Disclosure statement

No potential conflict of interest was reported by the authors.

Notes

1. Recent findings suggest that the Boko Haram Sect mostly comprises ethnic Kanuri’s (Olojo Citation2013; Onuoha Citation2013). Olojo’s (Citation2013) research also reinforces the US Homeland Security Report (Citation2013) argument by citing anti-colonial movements of the 1950s which was spearheaded by the Kanuri-led Borno Youth Movement as the genesis of popular support for Boko Haram which simply interprets as ‘Western Education is Bad’.
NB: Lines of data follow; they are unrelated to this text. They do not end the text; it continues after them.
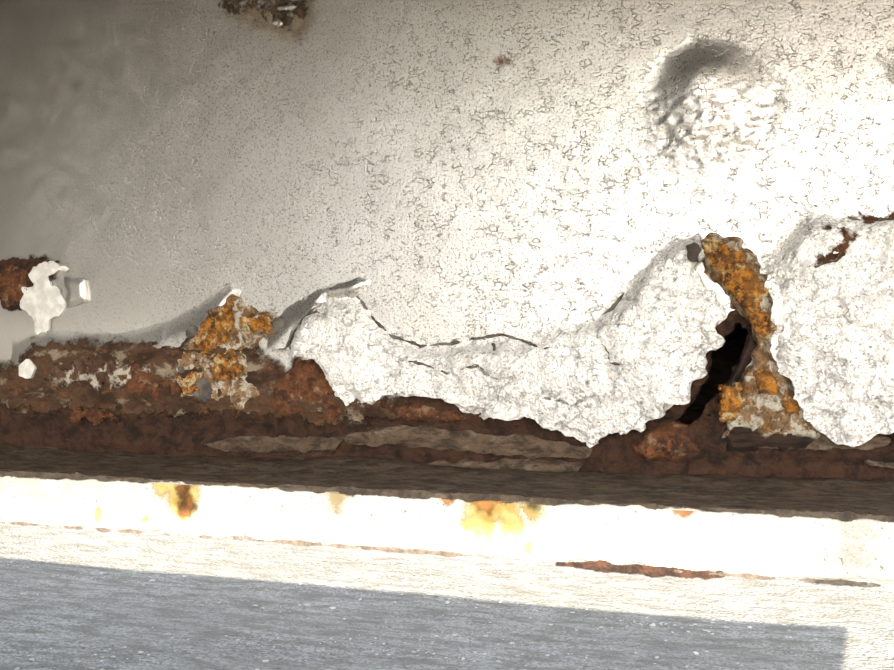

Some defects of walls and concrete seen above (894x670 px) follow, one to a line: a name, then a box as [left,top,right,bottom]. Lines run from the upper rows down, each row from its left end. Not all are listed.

corrosion [0,232,894,481]
crack [356,295,549,379]
peeling [284,233,726,448]
crack [603,293,624,315]
peeling [760,209,894,447]
corrosion [0,470,894,557]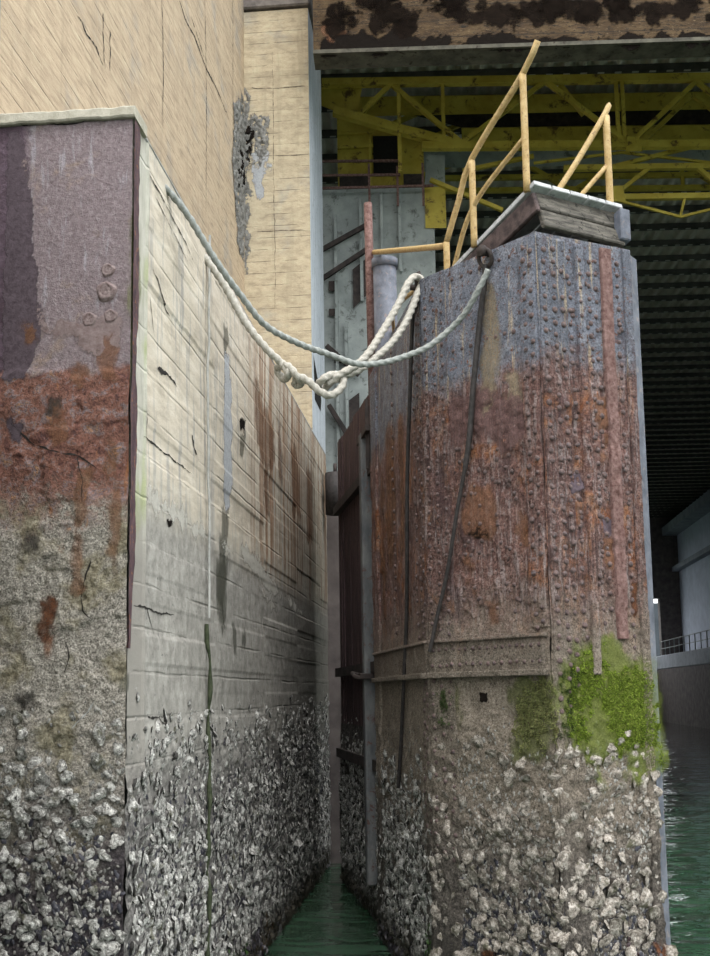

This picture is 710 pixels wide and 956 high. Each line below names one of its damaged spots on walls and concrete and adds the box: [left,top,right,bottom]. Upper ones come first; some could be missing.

2. Different youth respondents identified a number of youth development policy frameworks including (1) the National Poverty Eradication Programme which they argued was expected to focus on creation of Jobs in Nigeria; (2) the Graduate Internship Scheme (GIS) of the Transformation Agenda; (3) the establishment of both the OSSAP-MDGs – Office of the Senior Special Assistant to the President on MDGs and OSSAP-YSM – Office of the Senior Special Assistant to the President on Youth and Students Matters; (4) the Youth Enterprise With Innovation in Nigeria (YouWIN); (5) WAP – War Against Poverty; (6) MDGs – Millennium Development Goals; (7) NEEDS – National Economic Empowerment and Development Strategy; (8) SURE-P – Subsidy Reinvestment and Empowerment Programme; (9) the policy frameworks identified include The Youth Employment In Agriculture Programme (YEAP) initiative initiated as part of Youth Entrepreneurship Scheme of the Transformation Agenda as institutionalized by the Nigerian Bank of Industry (BOI) and Bank of Agriculture (BOA) in collaboration with the Agro-industry Department of the African Development Bank; (10) the NYSC scheme.